Now that we have discussed all the elements of BERT so we can use it successfully to solve a downstream NLP task, let’s reiterate the key points about BERT:

- *BERT is an encoder-based Transformer*

- *BERT outputs a hidden representation for every token in the input sequence*

- *BERT has 3 embedding spaces: token embedding, positional embedding, and segment embedding*

- *BERT uses a special token `[CLS]` to denote the beginning of an input and is used as the input to a downstream classification model*

- *BERT is designed to solve four types of NLP tasks: sequence classification, token classification, free-text question-answering, and multiple-choice question-answering*

- *BERT uses the special token `[SEP]` to separate between sequence A and sequence B*


The power within BERT doesn’t just lie within its structure. BERT is pre-trained on a large corpus of text using a few different pre-training techniques. In other words, BERT already comes with a solid understanding of the language, making downstream NLP tasks easier to solve. 

Next, let’s discuss how BERT is pre-trained.

## How BERT is pre-trained

The real value of BERT comes from the fact that it has been pre-trained on a large corpus of data in a self-supervised fashion. In the pre-training stage, BERT is trained on 2 diff. tasks:

- $\text{Masked Language Modeling (MLM)}$
- $\text{Next Sentence Prediction (NSP)}$

### **Masked Language Modeling (MLM)**

- The MLM task is inspired by the Cloze test, where a student is given a sentence with one or more blanks and is asked to fill the blanks.

- Similarly, given a text corpus, words are masked from sentences and then the model is asked to predict the masked tokens.

- For e.g.:<br>*My mental health is declinging*<br>might become:<br>*My mental `[MASK]` is declinging*

    - BERT uses a special token, `[MASK]`, to represent masked words. 

    - Then the target for the model will be the word *health*.

- **But this introduces a practical issue to the model:**
    - The special `[MASK]` token does not appear in the actual text. 
    
    - This means that the text the model will see during the finetuning phase (i.e, when training on a classification problem) will be different to what it will see during pre-training. 

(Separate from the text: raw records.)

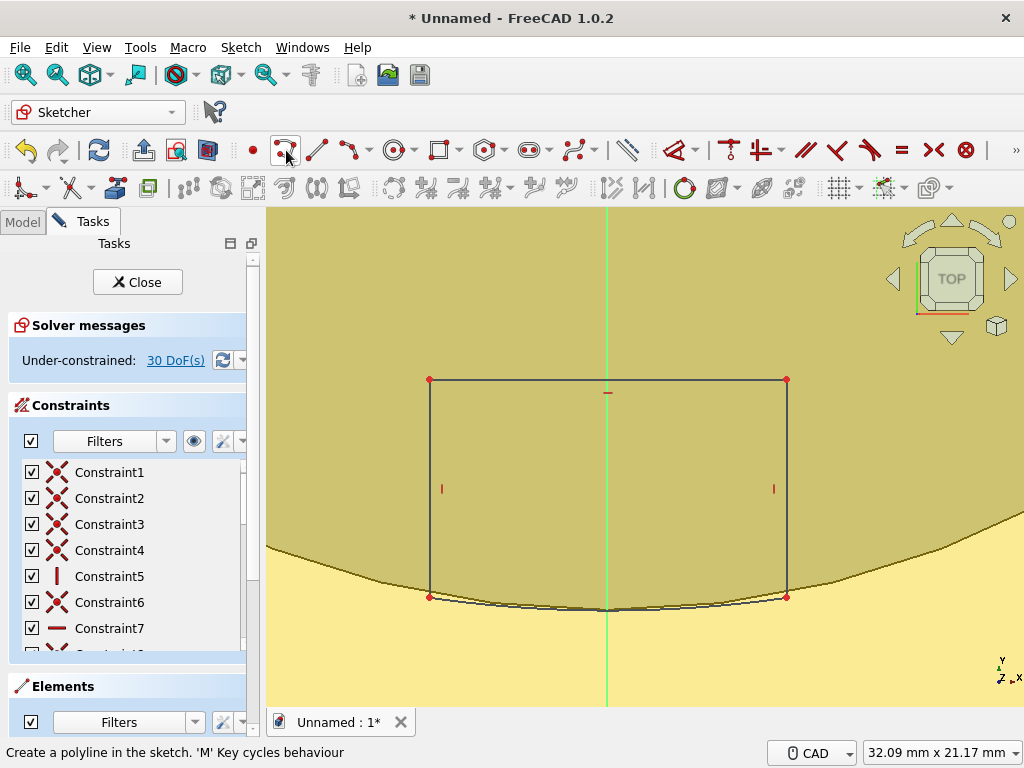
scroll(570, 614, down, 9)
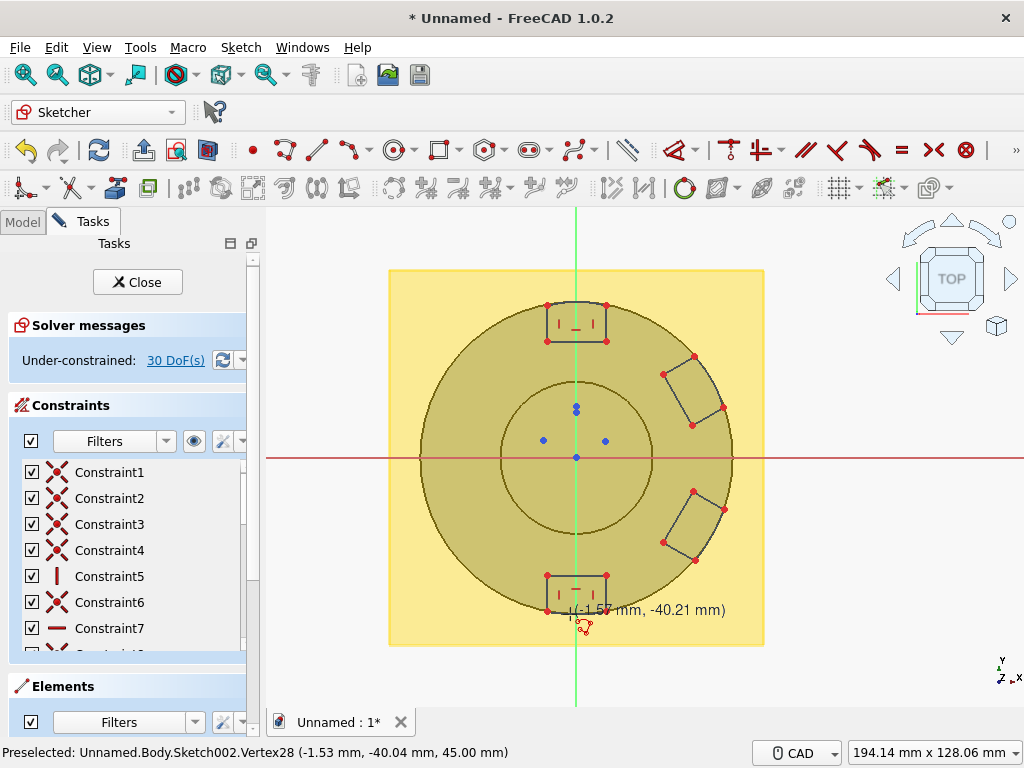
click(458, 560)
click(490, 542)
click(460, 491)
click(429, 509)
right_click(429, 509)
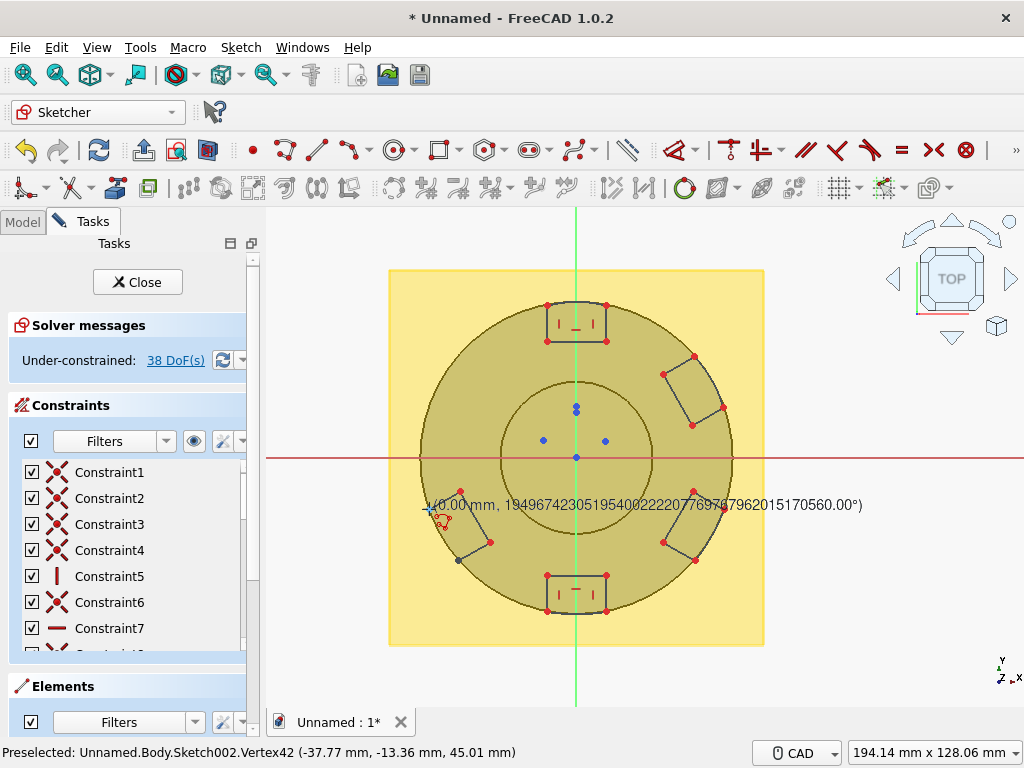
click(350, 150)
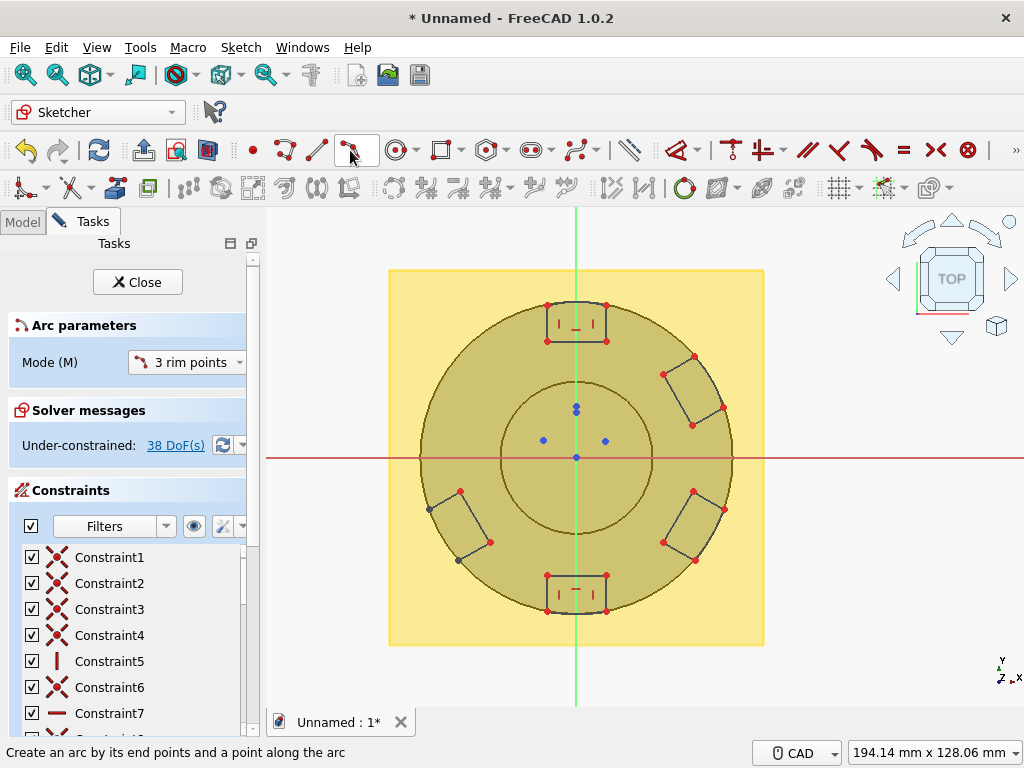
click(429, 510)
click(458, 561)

    - **This is sometimes referred to as the pre-training-finetuning discrepancy.**

- *Therefore, the authors of BERT suggest the foll. approach to cope with the issue.<br>When masking a word, do one of the following:*
    - Use the `[MASK]` token as it is (with $80\%$ probability)
    - Use a random word (with $10\%$ probability)
    - Use the true word (with $10\%$ probability

- In other words, instead of always seeing `[MASK]`, the model will see actual words on certain occasions, alleviating the discrepancy.

### **Next Sentence Prediction (NSP)**

- In the NSP task, the model is given a pair of sentences, A and B (in that order), and is asked to predict whether the B is the next sentence after A. 

- This can be done by fitting a binary classifier onto BERT and training the whole model from end to end on selected pairs of sentences. 

- Generating pairs of sentences as inputs for the model is not hard and can be done in an unsupervised manner:
    - A sample with the label TRUE is generated by picking two sentences that are adjacent to each other
    
    - A sample with the label FALSE is generated by picking two sentences randomly that are not adjacent to each other

Following this approach, a labeled dataset is generated for the next sentence prediction task. Then BERT, along with the binary classifier, is trained from end to end using the labeled dataset to solve a downstream task.